### Exercise description:
Each line from the one containing "Task: Select the" through the last line of the data below should be printed exactly, please, with any pictures omitted.

### Input data:
··········
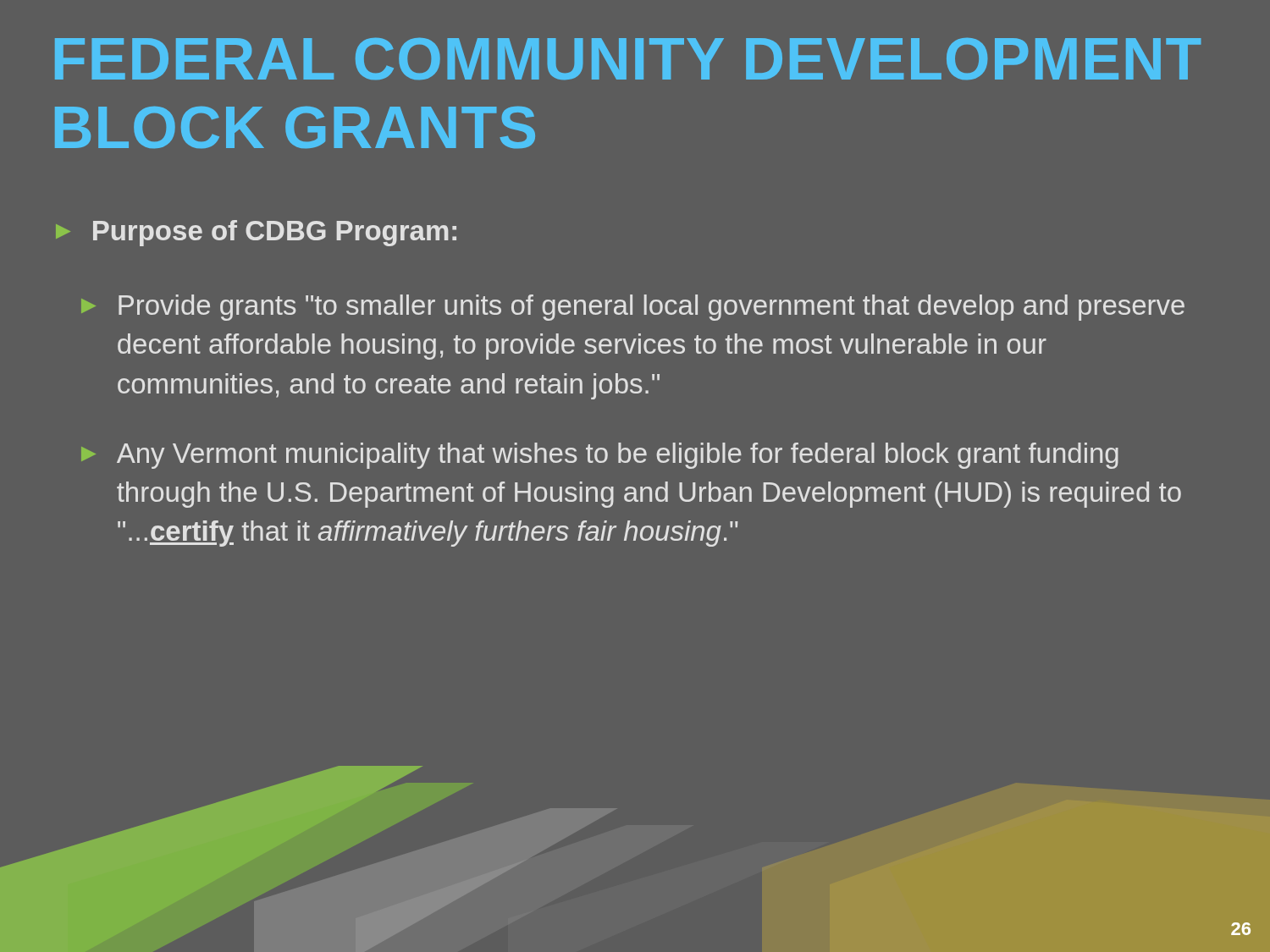1270x952 pixels.
Task: Find the list item containing "► Provide grants "to smaller units of general"
Action: [x=639, y=345]
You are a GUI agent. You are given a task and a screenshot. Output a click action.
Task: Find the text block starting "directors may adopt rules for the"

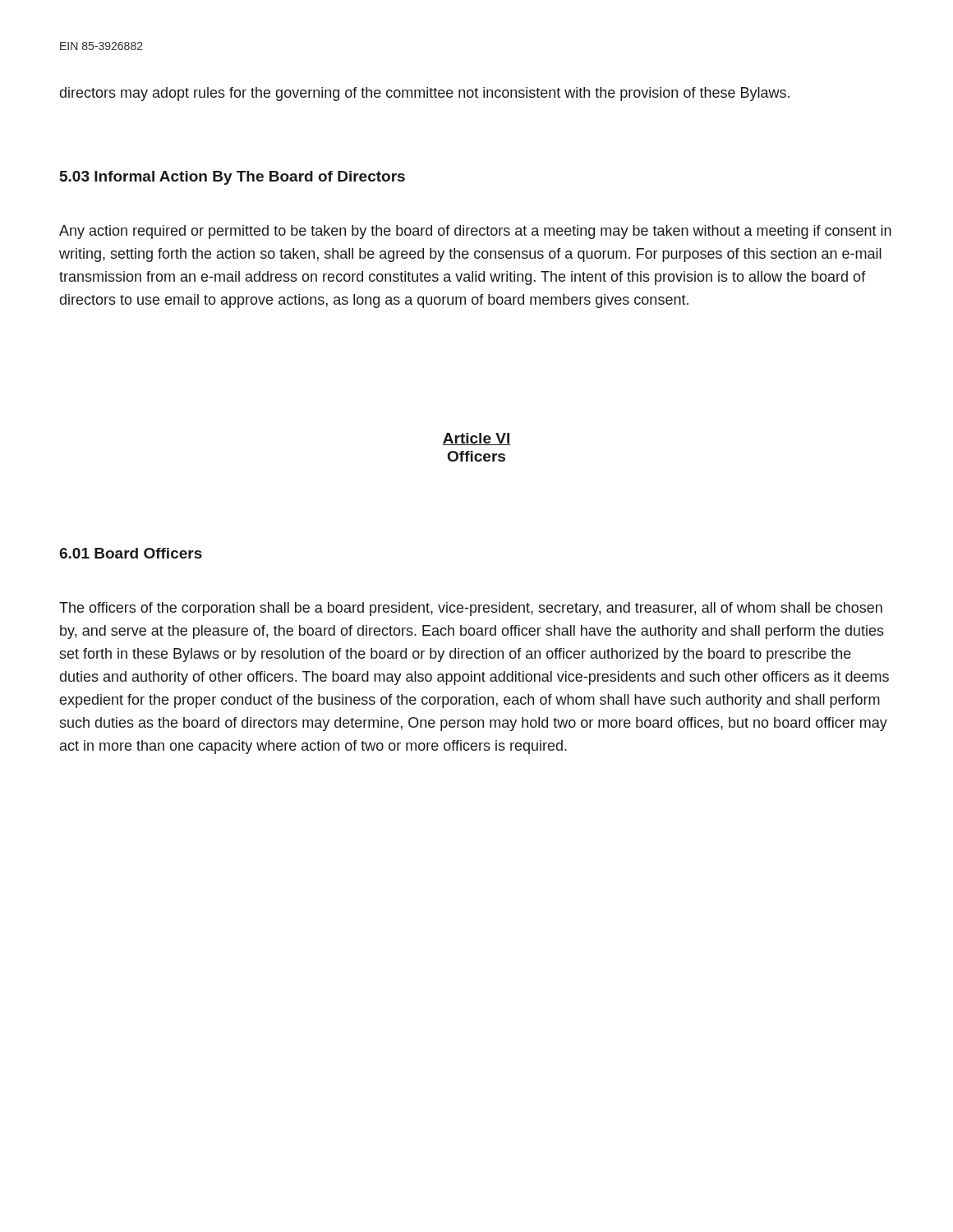tap(425, 93)
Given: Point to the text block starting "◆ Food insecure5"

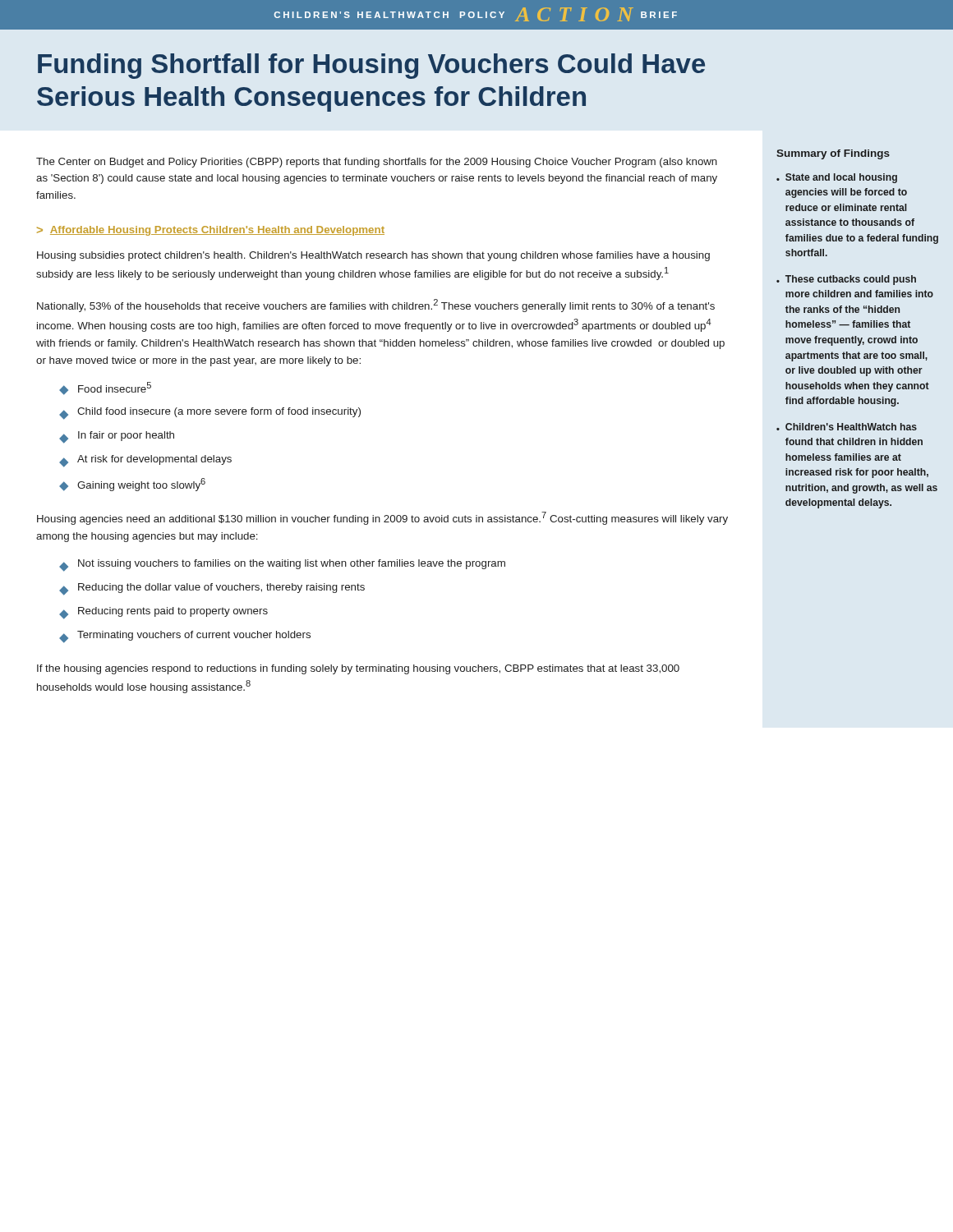Looking at the screenshot, I should coord(105,389).
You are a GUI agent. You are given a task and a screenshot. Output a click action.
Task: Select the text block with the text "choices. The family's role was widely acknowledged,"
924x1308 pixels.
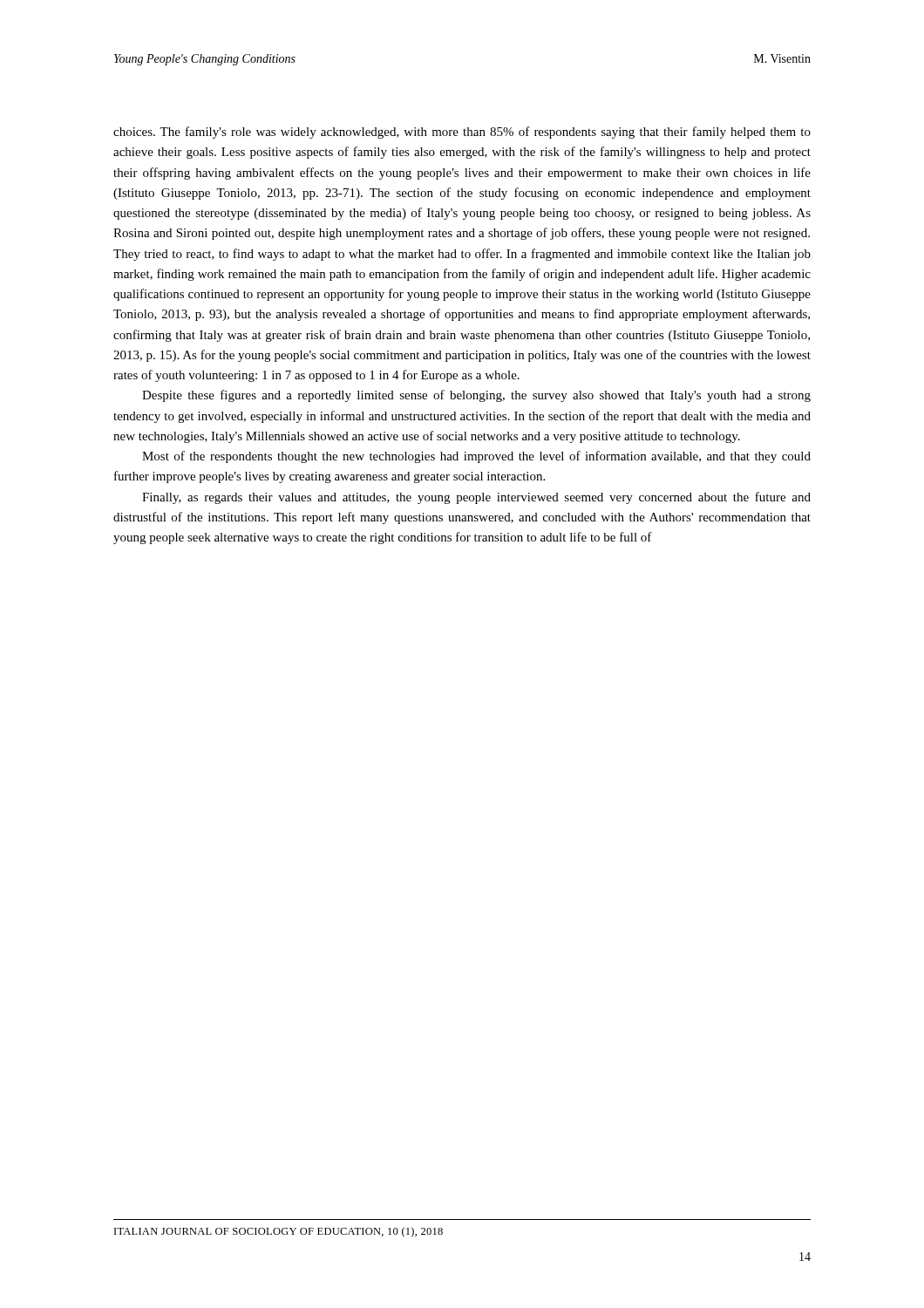tap(462, 335)
··········
### Result for this exercise:
Task: Select the text block with the text "choices. The family's role was widely acknowledged,"
924x1308 pixels.
tap(462, 335)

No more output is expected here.